Compared with the original implementation, change the conv2d in the extra and head to ConvBNReLU to helps the model converage easily Not add the bn&relu to transforms cause it is followed by interpolate and element-wise sum

Parameters
  • backbone – backbone layers for input

  • extras – contains transforms, extra and stack_bifpn layers that feed to multibox loc and conf layers

  • head – “multibox head” consists of loc and conf conv layers

  • num_classes – num of classes

static add_extras(feature_layer, mbox, num_classes)[source]

Define and declare the extras, loc and conf modules for the ssdfpn model.

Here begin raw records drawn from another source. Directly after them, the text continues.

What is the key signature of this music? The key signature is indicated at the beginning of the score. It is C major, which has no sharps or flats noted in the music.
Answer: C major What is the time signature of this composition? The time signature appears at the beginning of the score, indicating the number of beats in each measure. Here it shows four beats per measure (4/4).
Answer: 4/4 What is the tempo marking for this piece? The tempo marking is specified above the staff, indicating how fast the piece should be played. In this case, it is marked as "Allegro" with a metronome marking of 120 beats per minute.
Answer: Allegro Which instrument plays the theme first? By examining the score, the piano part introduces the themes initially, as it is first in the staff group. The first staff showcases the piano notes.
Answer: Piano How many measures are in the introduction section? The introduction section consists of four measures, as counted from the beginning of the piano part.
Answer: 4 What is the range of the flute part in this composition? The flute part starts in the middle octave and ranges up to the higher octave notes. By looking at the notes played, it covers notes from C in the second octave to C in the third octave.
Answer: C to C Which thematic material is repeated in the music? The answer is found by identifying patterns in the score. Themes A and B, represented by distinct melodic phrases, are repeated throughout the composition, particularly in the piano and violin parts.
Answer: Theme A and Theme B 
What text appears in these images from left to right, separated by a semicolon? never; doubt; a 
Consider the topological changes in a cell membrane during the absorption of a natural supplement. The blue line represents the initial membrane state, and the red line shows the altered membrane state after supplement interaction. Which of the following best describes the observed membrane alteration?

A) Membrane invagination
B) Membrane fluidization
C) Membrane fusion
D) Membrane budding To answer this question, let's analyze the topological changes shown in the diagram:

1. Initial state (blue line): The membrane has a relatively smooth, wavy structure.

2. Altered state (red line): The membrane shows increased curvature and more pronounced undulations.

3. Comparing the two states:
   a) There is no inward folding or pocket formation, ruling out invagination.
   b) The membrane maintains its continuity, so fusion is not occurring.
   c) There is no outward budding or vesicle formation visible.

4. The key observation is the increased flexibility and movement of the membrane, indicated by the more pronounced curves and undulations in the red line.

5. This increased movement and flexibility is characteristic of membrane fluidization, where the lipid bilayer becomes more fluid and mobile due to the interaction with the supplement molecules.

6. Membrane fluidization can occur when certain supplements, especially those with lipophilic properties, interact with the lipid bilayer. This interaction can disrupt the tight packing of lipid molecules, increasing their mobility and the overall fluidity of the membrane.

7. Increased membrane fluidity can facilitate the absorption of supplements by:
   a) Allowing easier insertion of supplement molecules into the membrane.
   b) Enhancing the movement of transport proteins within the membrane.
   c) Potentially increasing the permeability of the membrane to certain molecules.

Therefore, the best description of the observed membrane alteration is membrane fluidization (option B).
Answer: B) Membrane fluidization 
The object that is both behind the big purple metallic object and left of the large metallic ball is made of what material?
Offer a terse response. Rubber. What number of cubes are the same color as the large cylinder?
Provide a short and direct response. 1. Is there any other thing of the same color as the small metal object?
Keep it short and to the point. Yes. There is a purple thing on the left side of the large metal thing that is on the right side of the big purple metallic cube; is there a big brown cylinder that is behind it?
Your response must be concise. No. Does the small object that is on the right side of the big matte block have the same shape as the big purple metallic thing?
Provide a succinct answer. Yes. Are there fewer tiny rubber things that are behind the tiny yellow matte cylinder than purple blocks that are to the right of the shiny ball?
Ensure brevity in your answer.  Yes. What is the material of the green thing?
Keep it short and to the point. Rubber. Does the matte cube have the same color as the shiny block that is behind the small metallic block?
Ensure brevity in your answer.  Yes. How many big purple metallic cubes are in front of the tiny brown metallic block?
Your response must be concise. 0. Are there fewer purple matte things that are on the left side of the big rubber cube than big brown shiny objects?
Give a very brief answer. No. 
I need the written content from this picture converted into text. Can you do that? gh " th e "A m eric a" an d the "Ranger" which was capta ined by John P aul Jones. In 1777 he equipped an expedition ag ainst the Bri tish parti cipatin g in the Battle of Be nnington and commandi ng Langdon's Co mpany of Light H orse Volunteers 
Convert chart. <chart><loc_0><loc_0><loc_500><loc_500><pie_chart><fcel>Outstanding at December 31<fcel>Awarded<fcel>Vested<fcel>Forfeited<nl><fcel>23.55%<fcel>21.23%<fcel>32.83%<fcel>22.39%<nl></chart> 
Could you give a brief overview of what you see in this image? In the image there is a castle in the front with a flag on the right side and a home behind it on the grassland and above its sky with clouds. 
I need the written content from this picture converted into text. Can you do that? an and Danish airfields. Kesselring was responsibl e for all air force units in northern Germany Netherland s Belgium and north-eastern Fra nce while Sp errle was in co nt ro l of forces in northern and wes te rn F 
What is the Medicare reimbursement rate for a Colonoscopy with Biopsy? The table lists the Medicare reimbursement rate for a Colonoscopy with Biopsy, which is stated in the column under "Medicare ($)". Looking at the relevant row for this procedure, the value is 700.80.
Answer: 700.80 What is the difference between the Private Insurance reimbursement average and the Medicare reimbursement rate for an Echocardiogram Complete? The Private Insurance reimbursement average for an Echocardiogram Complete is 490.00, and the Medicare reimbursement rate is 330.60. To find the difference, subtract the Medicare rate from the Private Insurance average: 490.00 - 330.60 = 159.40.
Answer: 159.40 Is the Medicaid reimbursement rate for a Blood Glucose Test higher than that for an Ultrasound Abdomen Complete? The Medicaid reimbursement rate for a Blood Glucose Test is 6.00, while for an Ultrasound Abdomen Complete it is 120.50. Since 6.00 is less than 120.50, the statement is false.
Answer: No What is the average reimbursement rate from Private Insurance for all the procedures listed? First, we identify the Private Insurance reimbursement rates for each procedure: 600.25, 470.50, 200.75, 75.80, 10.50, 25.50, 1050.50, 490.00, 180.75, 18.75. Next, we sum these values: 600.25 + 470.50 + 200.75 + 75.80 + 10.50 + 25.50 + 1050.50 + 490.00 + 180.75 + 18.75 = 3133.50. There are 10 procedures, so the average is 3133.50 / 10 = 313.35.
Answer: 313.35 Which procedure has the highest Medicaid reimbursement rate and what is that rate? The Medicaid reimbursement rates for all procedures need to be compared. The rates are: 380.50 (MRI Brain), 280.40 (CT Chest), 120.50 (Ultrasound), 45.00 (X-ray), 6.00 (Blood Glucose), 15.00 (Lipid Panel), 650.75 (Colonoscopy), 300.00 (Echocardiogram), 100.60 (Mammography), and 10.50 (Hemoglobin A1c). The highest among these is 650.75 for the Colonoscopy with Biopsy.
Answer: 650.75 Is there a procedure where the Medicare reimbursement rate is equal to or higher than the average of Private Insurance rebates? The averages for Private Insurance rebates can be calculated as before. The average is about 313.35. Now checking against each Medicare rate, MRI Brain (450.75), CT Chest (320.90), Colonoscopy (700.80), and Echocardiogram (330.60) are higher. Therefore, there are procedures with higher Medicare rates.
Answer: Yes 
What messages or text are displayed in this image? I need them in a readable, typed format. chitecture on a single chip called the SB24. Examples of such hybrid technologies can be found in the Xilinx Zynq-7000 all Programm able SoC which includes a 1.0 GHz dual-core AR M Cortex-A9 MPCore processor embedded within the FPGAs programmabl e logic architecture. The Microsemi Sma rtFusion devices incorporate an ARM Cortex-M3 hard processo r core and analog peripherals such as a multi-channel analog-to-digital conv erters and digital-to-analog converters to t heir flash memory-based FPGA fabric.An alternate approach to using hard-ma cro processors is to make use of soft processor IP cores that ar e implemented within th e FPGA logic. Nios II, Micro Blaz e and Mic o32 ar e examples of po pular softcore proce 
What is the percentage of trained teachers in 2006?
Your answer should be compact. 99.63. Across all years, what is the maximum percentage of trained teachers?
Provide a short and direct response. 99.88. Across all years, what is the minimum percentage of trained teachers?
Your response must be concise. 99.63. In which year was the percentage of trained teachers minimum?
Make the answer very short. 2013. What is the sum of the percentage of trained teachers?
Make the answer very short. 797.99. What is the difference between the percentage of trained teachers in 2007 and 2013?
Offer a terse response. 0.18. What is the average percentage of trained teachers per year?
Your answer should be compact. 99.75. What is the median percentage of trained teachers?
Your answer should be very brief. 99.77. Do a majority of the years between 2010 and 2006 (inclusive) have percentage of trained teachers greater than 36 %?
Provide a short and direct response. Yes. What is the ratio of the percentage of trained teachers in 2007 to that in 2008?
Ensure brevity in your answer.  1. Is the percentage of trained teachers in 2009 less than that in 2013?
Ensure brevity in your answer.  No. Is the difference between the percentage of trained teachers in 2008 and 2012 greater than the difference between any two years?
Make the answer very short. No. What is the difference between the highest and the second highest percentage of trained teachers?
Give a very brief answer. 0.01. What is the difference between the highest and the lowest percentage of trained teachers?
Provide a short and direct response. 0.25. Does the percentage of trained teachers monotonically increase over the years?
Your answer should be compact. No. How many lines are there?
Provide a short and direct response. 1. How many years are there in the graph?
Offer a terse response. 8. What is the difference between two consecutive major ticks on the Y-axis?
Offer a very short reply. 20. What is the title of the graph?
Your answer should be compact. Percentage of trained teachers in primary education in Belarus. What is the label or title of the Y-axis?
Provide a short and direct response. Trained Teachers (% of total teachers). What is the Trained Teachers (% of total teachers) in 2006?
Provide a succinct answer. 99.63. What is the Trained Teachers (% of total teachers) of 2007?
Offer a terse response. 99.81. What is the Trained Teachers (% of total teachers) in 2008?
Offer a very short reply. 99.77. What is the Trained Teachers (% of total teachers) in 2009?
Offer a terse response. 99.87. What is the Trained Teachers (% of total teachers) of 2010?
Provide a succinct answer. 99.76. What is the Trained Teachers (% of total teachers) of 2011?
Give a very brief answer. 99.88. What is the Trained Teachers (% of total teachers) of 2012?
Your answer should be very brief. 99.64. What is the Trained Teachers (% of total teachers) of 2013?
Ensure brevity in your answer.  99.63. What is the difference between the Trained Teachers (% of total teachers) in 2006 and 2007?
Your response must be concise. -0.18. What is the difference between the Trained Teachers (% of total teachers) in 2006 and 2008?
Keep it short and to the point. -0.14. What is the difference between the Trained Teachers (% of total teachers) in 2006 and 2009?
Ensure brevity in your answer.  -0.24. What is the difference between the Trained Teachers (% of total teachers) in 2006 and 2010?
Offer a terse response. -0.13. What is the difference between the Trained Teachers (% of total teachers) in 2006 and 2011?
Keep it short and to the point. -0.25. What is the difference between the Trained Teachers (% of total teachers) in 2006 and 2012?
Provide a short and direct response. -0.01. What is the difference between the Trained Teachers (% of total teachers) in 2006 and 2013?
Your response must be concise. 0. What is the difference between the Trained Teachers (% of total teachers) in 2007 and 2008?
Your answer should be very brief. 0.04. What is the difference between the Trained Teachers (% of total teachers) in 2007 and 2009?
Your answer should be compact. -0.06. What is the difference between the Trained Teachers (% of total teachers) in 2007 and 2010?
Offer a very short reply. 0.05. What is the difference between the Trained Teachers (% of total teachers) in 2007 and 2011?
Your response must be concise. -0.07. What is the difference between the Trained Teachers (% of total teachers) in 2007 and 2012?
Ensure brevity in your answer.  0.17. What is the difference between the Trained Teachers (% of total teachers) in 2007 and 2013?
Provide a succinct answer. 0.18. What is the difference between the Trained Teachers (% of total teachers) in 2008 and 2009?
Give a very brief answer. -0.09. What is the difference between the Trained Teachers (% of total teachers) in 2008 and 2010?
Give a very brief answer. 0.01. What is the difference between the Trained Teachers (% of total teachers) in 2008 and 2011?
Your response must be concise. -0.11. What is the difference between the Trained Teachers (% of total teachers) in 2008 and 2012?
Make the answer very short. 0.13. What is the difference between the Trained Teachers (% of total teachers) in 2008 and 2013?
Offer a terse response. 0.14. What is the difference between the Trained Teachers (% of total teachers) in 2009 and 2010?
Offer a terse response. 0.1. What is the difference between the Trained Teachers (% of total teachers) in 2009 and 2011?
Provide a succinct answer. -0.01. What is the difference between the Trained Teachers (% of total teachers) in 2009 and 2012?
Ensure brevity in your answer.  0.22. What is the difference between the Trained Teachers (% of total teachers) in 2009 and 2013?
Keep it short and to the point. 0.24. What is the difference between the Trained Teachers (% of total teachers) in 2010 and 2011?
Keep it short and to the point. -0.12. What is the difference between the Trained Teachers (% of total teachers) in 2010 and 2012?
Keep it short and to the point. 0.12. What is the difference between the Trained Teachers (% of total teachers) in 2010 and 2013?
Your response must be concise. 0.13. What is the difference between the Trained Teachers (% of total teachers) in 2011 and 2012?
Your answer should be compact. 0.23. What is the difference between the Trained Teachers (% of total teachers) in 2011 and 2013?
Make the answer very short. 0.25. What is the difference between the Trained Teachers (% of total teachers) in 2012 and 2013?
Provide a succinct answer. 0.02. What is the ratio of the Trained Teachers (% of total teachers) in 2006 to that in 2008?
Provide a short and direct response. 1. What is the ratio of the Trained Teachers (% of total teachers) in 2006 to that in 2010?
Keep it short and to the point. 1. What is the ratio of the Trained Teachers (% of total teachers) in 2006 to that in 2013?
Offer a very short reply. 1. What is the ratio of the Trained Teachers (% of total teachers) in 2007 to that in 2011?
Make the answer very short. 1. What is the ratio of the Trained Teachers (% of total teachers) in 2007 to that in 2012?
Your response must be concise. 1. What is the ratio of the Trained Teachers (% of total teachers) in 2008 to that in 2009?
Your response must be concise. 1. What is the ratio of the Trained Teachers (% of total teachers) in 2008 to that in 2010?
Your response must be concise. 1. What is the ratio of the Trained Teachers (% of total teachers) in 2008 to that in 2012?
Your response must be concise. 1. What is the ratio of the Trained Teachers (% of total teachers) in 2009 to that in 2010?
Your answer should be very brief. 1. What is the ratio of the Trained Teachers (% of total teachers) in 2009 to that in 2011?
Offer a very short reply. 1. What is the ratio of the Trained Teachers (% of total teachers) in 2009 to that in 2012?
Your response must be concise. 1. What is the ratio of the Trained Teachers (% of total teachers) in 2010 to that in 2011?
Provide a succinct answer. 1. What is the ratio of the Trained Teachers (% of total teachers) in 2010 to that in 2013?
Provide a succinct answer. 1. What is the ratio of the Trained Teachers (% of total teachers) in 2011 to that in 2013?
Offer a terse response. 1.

The feature_layer is defined in cfg.MODEL.FEATURE_LAYER. For ssdfpn model can be int, list of int and str:

  • int

    The int in the feature_layer represents the output feature in the backbone.

  • list of int

    The list of int in the feature_layer represents the output feature in the backbone, the first int is the backbone output and the second int is the upsampling branch to fuse feature.

  • str

    The str in the feature_layer represents the extra layers append at the end of the backbone.

Parameters
  • feature_layer – the feature layers with detection head, defined by cfg.MODEL.FEATURE_LAYER

  • mbox – the number of boxes for each feature map

  • num_classes – the number of classes, defined by cfg.MODEL.NUM_CLASSES

forward(x)[source]

Applies network layers and ops on input image(s) x.

Parameters

x – input image or batch of images.

Returns

When self.training==True, loc and conf for each anchor box;

When self.training==False. loc and conf.sigmoid() for each anchor box;

For each player, conf with shape [batch, num_anchor*num_classes, height, width];

For each player, loc with shape [batch, num_anchor*4, height, width].